Several imaging studies have examined the functional neurobehavioral effects of the psychostimulant class of medication and have generally found that these medications increase activation in frontal-striatal regions of the brain. Psychostimulant medications are quite effective and have a relatively mild side effect profile for most children, but in some cases alternative medications may be preferred. In 2002, The FDA approved atomoxetine with an indication for ADHD.
Like the psychostimulants, atomoxetine reduced ADHD symptomatology. Unlike the stimulants, atomoxetine purportedly affects predominantly norepinephrine whereas the psychostimulants affect dopaminergic levels in the brain. Few imaging studies have been conducted to examine how the effects of atomoxetine on brain function may be similar or different from that of the psychostimulants. We propose to study in vivo the effects of stimulant and non-stimulant ADHD medications.
The goals of this pilot study are to:
- demonstrate the feasibility of our planned research protocol in this population,
- to gather initial estimates of effect size, and
- to refine protocol procedures.
In this pilot study, approximately 10 children with ADHD (aged 9-13) will be recruited.
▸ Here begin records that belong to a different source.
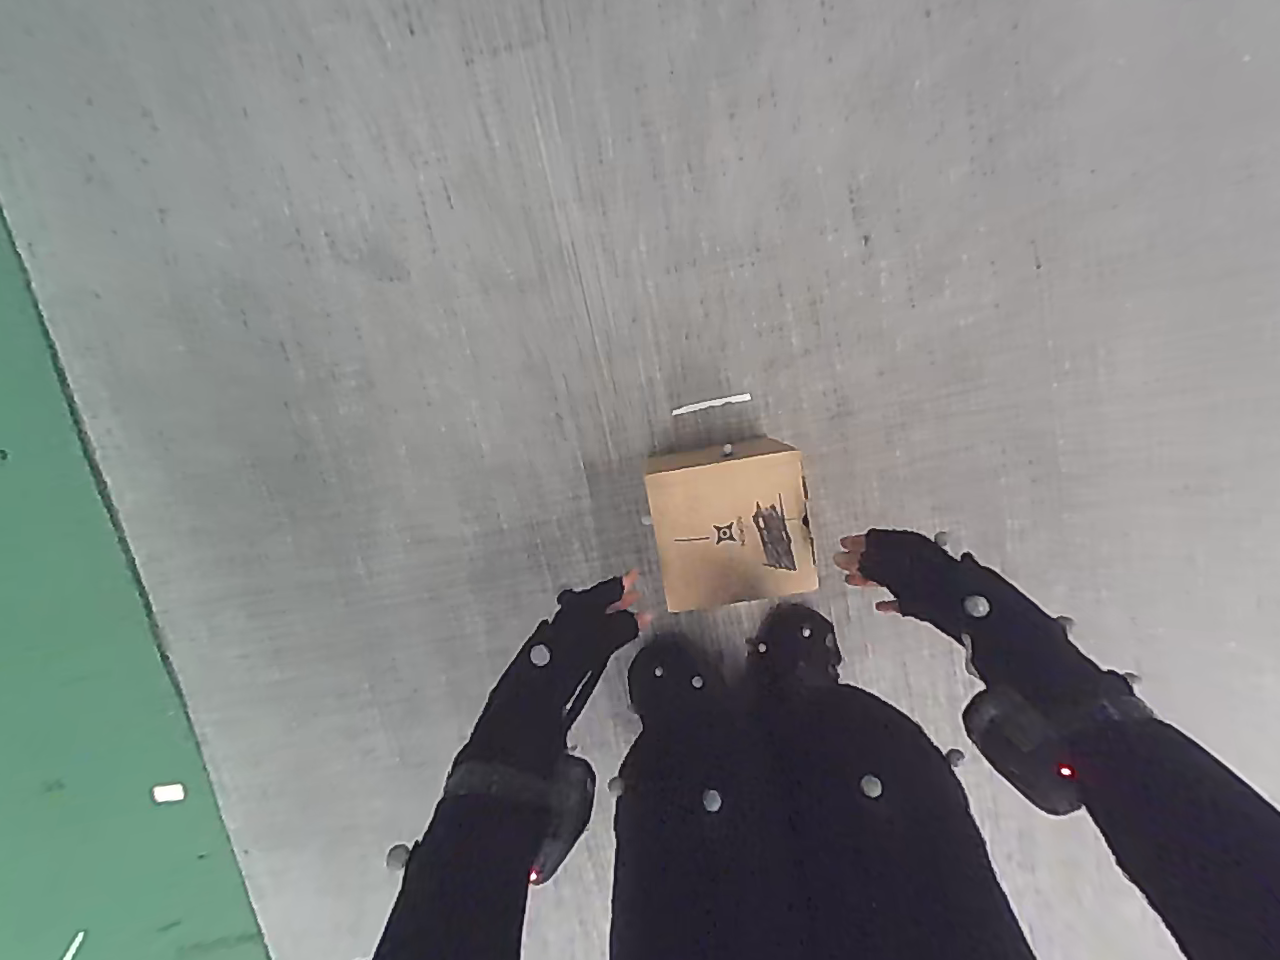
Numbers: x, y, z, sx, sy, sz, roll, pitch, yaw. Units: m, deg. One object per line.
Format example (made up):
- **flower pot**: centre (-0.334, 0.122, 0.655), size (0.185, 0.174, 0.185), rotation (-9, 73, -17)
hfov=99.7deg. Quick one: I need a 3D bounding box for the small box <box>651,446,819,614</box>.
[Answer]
- **small box**: centre (0.111, 0.053, 0.695), size (0.179, 0.176, 0.168), rotation (-10, 97, 4)
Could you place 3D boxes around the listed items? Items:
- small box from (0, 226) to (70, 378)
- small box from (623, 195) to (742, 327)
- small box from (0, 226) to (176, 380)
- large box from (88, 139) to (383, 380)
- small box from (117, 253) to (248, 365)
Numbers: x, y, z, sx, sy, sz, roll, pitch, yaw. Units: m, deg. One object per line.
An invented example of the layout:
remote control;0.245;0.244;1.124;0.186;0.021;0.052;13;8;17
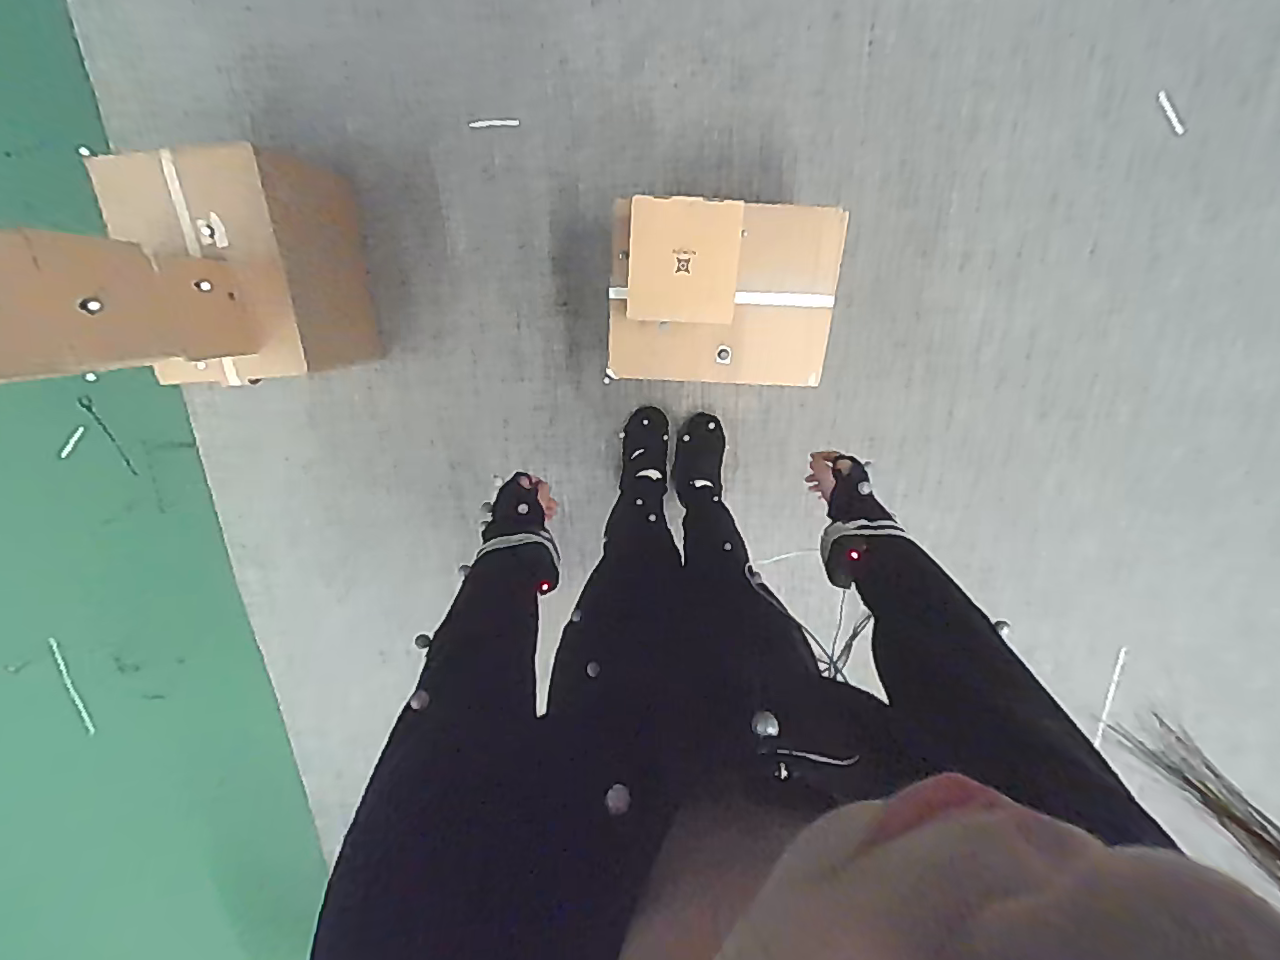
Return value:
small box;-0.835;-0.197;0.619;0.168;0.176;0.179;-6;108;4
small box;0.065;-0.346;0.880;0.168;0.176;0.179;4;106;1
small box;-0.830;-0.249;0.775;0.168;0.176;0.179;-8;107;4
large box;-0.801;-0.436;1.142;0.320;0.320;0.408;-3;107;3
small box;-0.824;-0.293;0.933;0.179;0.176;0.168;-3;107;4
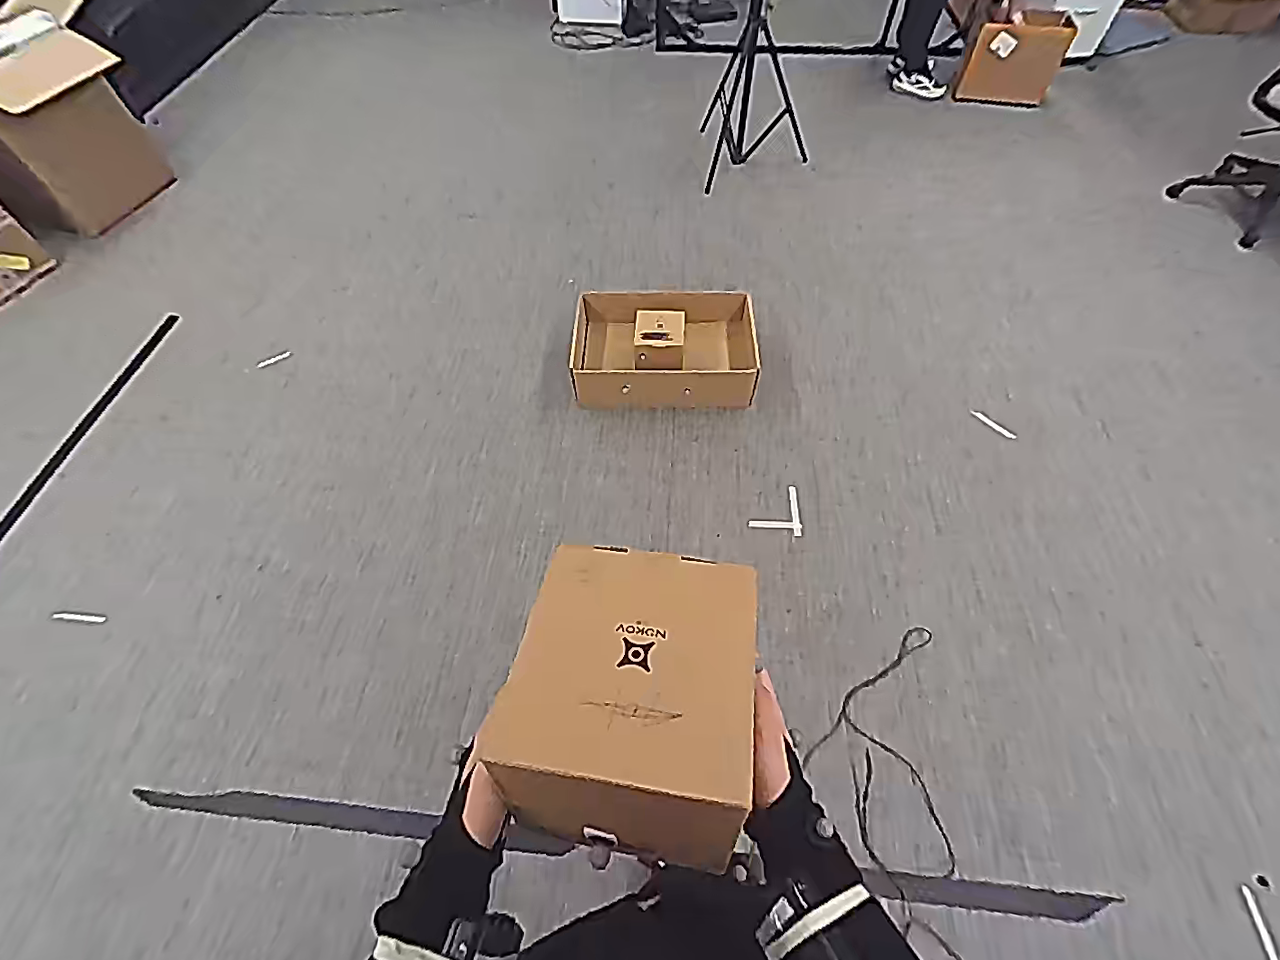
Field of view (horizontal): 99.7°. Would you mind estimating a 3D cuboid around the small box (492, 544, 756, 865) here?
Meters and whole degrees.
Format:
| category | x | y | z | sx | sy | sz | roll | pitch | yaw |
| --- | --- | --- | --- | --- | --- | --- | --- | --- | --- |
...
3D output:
| category | x | y | z | sx | sy | sz | roll | pitch | yaw |
| --- | --- | --- | --- | --- | --- | --- | --- | --- | --- |
| small box | 0.000 | 0.179 | 0.440 | 0.168 | 0.176 | 0.179 | 5 | 44 | 7 |
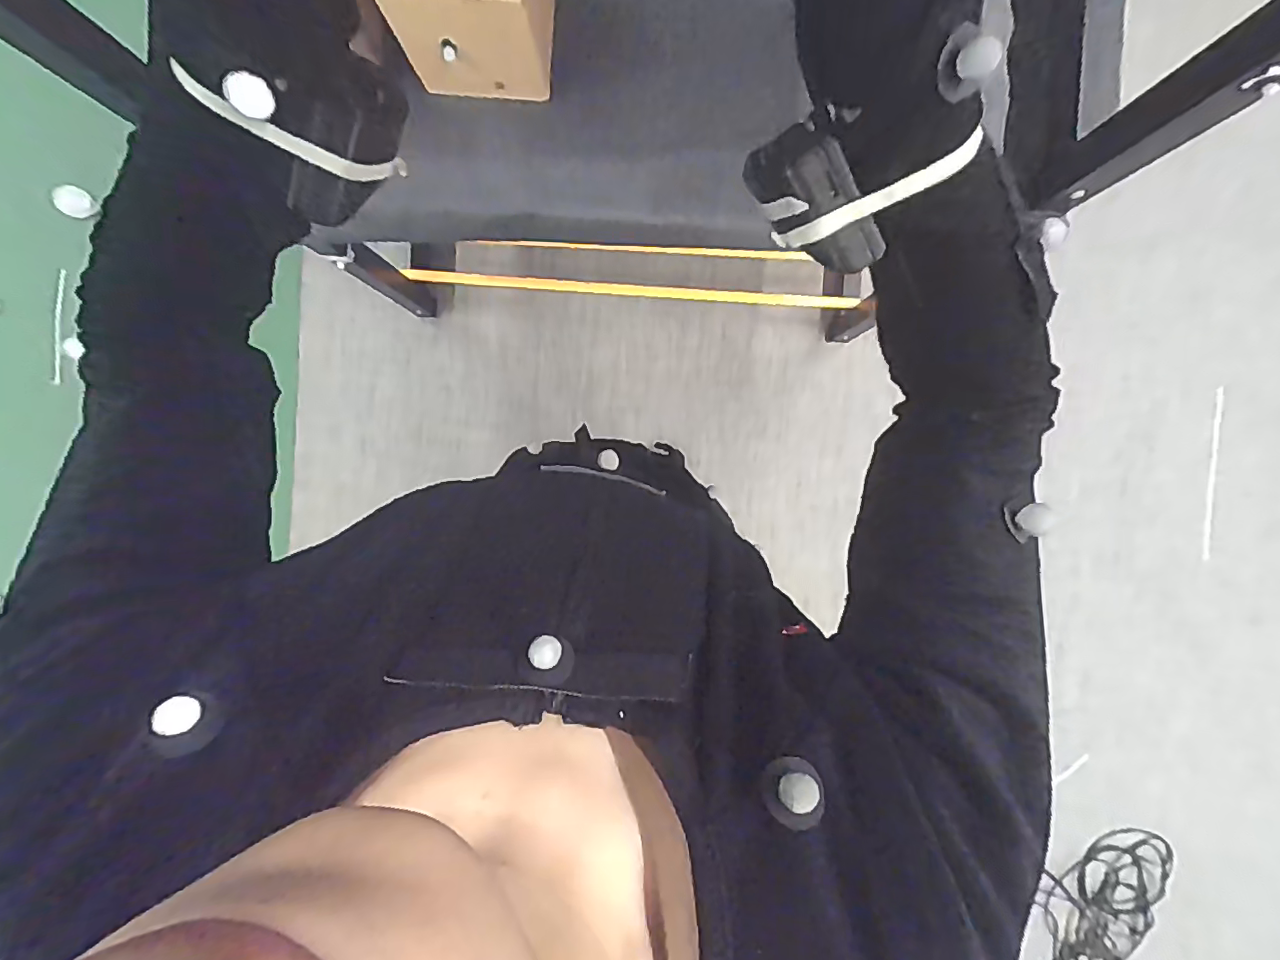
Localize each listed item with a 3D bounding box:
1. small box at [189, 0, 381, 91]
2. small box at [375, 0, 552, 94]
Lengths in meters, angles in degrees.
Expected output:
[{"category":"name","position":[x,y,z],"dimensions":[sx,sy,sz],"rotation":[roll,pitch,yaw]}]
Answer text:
[{"category":"small box","position":[-0.428,-0.612,0.645],"dimensions":[0.168,0.176,0.179],"rotation":[1,92,0]},{"category":"small box","position":[-0.202,-0.605,0.648],"dimensions":[0.168,0.176,0.179],"rotation":[3,91,0]}]
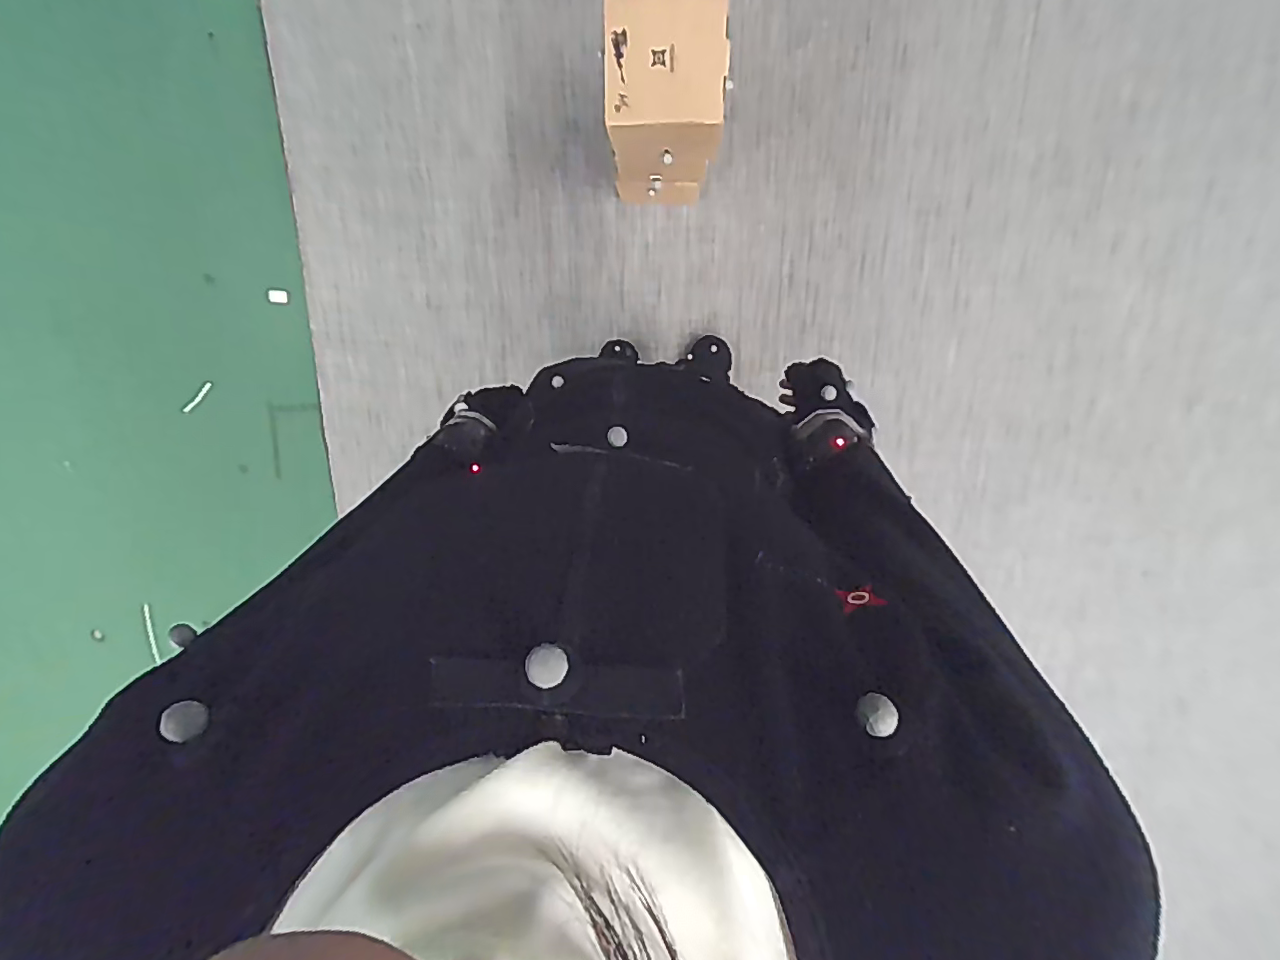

Children will be recruited from local pediatrician offices. Children will only be selected if they are ADHD medication-naïve and a decision has been made between the child's physician and the child's family to place the child on either a psychostimulant or atomoxetine to treat ADHD.
After signing consent, an ADHD diagnosis will be confirmed using a structured interview administered to the child's parent. Prior to beginning medication, the child will participate in an fMRI and MEG protocol which involves completing a battery of 4 different tasks over the course of 2 days. After 5-7 weeks of treatment on the medication (prescribed by the child's physician), we will repeat the fMRI and MEG protocol over the course of 2 days. The behavioral paradigm tasks encompass a wide variety of cognitive skills designed to tap brain activation in various brain areas, specifically in the frontal and/or striatal regions. Analyses will focus on examining differential medication effects that may be specific to the cognitive construct being tested or to the area of the brain that is being activated.
While formal hypothesis testing is unlikely given the small size of the sample, we expect to be able to determine signal intensities across the different task conditions and across the medication conditions so that estimates of effect sizes can be determined for a future grant application and a more detailed examination of this topic.